Eddie Hearn has no doubts about the dual side of his fighter, whom he will accompany to the United States some time this summer for the big sell to the networks as a stepping stone to PPV on Showtime (who showed Saturday's fight) or HBO. As long as he keeps knocking opponents flat on their backs, the TV guys will keep calling with offers. On top of that, Hearn has a gentleman heavyweight.

“After the fight he signed autographs for an hour and 10 minutes,” the promoter said. “He’s not doing that to score brownie points. He’s doing that because that’s how he feels people should be treated, fans should be treated. When was the last time in boxing we had a role model that young children wanted to be like? When was the last time you wanted the child to be like a certain kind of fighter? If I had a son and he said: ‘I want to be just like Anthony Joshua,’ I’d be quite pleased by that. If your son turned around and said: ‘I want to be like Tyson Fury,’ what would you say?”

The atmosphere at the O2 Arena was very much like the buzz Frank Bruno generated in the 90s. It is clear Joshua is heading in that direction, a national favourite, but they are different, Joshua and Bruno - considerably so.

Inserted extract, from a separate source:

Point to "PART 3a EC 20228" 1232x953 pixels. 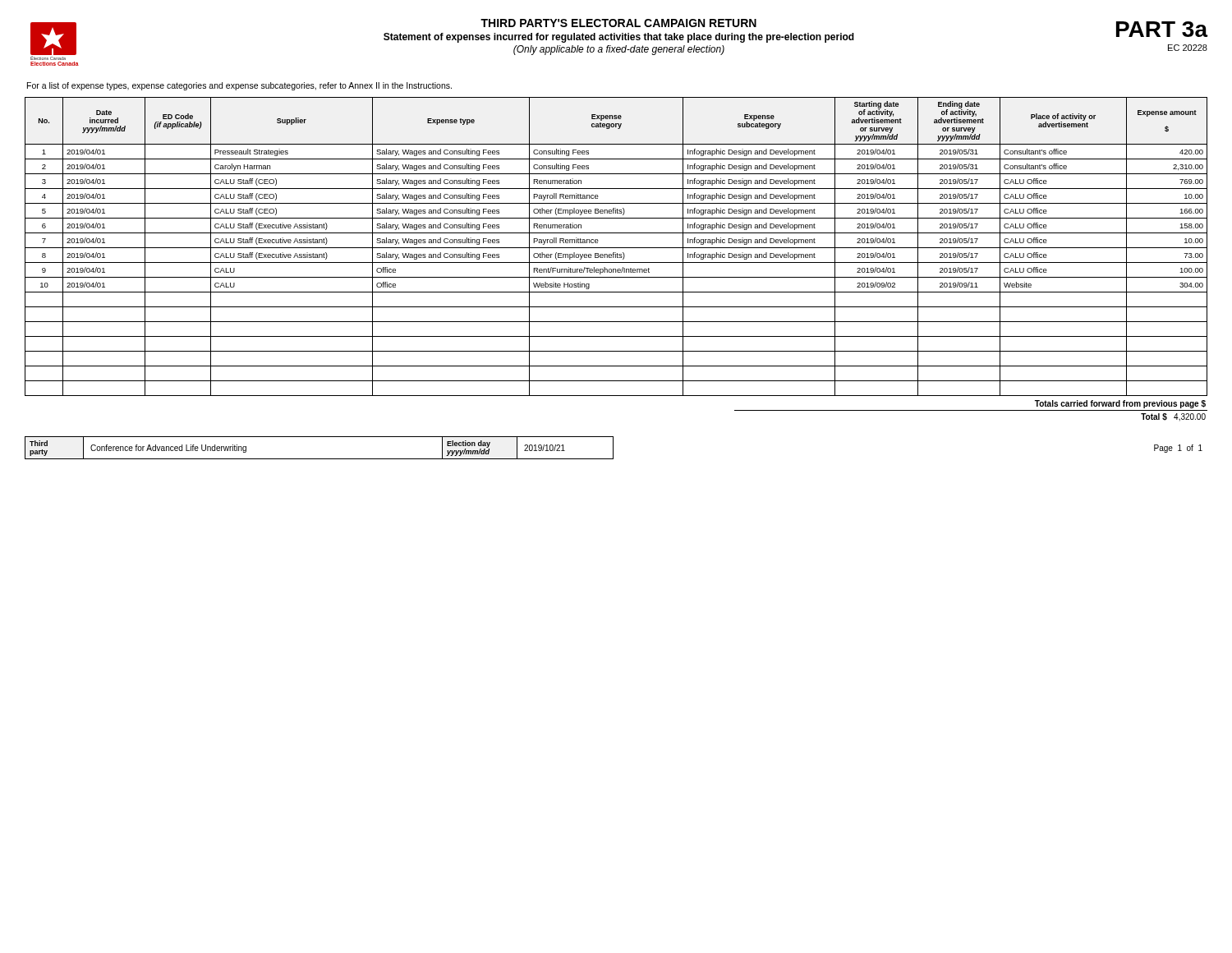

His rise has echoed the rise of Bruno in some respects, except “Big Frank” was so entrenched as Britain’s favourite fighter the paying public were willing to watch his serial disappointments as he clambered painfully to the top. Failure is not an option for Joshua in an era of quick-click thrills.

Bruno won the WBC title at the fourth attempt, by hanging on grimly against Oliver McCall, a highpoint that would last only five months before defeat by Mike Tyson and a spiral into depression that lingers to this day. Fans loved Bruno, despite the transparent massaging of his image as a guffawing ingenu who morphed into a pantomime figure in the long tradition of manufactured showbiz heavyweights, because he could punch like a mule and he kept to the script.

Joshua will not be stereotyped as a genial giant knocking out consumable soundbites as well as opponents. He is, as his paymaster Hearn says, very much his own man.